Exercise: Up to and including the line holding "Q1. Access query", write out the data exactly from its first line, but not the pictures.

Records provided:
:::

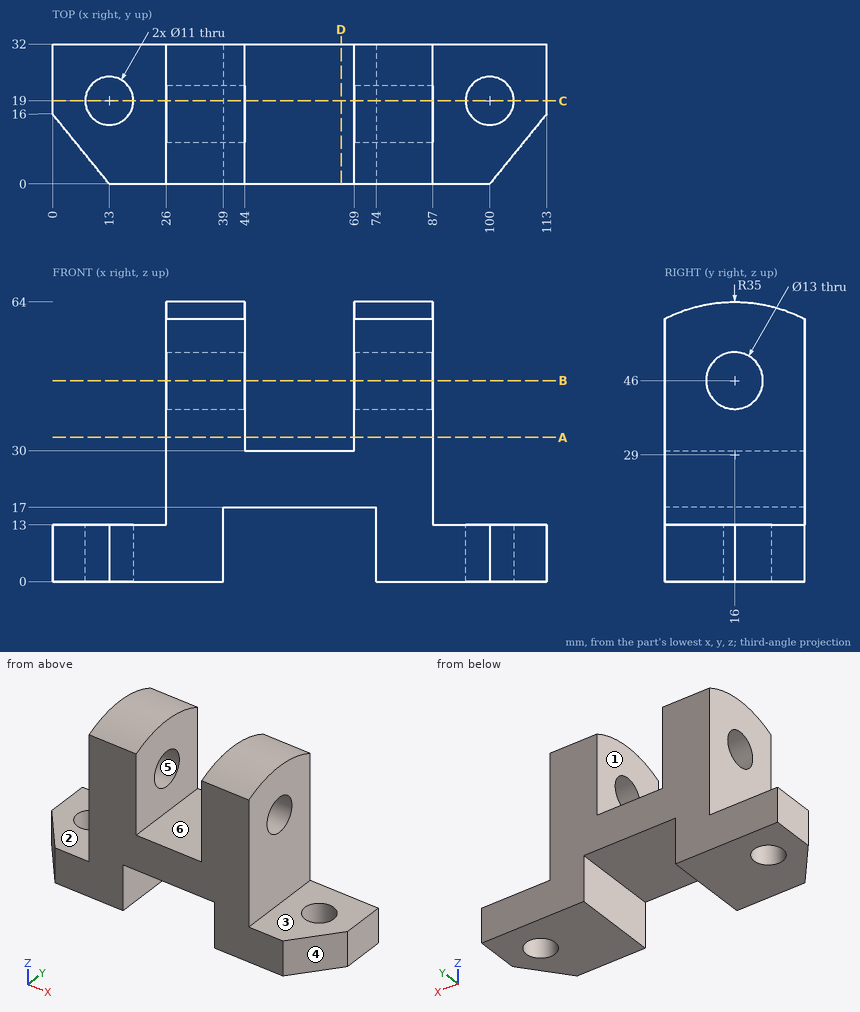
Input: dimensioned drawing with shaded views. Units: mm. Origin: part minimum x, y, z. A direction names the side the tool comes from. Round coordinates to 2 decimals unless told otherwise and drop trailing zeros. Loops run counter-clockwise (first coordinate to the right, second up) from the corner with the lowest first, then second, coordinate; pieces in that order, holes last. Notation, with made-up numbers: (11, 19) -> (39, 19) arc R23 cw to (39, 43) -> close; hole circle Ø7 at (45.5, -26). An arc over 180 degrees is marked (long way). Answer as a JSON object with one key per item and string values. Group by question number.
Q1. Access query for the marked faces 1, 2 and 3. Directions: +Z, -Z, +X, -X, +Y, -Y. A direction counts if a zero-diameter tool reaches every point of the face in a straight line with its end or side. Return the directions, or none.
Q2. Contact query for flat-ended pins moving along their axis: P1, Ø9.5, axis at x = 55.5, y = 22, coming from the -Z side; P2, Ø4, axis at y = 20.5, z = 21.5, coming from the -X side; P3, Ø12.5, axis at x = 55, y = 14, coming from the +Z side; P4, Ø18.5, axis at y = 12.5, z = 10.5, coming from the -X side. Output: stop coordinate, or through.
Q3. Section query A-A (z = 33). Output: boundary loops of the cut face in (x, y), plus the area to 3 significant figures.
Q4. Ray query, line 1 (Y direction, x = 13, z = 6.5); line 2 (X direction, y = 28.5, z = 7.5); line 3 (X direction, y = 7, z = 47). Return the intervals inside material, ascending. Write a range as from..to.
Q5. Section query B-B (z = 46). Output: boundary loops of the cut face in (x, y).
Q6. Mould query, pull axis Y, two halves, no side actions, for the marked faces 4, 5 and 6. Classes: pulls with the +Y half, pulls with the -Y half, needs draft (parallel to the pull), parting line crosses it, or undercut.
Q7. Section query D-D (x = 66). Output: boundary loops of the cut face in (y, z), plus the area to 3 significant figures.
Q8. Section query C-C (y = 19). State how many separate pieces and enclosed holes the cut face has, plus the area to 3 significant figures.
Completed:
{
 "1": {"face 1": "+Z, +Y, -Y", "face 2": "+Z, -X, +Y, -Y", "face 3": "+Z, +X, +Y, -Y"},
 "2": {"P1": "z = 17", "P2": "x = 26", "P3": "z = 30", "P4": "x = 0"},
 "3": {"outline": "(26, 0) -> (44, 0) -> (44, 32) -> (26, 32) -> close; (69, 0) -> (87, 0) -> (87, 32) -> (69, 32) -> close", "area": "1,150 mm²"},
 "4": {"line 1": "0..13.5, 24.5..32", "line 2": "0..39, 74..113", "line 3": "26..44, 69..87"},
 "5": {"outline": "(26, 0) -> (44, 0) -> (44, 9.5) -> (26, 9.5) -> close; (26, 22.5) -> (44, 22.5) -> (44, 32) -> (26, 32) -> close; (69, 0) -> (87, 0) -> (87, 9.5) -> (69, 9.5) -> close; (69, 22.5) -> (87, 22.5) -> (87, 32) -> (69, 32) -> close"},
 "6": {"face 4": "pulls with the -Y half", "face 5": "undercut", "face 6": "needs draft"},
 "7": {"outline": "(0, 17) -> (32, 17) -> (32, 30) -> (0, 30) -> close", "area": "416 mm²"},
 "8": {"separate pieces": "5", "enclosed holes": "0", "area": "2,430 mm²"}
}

:::

Output of the task:
Input: dimensioned drawing with shaded views. Units: mm. Origin: part minimum x, y, z. A direction names the side the tool comes from. Round coordinates to 2 decimals unless told otherwise and drop trailing zeros. Loops run counter-clockwise (first coordinate to the right, second up) from the corner with the lowest first, then second, coordinate; pieces in that order, holes last. Notation, with made-up numbers: (11, 19) -> (39, 19) arc R23 cw to (39, 43) -> close; hole circle Ø7 at (45.5, -26). An arc over 180 degrees is marked (long way). Answer as a JSON object with one key per item and string values. Group by question number.
Q1. Access query for the marked faces 1, 2 and 3. Directions: +Z, -Z, +X, -X, +Y, -Y. A direction counts if a zero-diameter tool reaches every point of the face in a straight line with its end or side. Return the directions, or none.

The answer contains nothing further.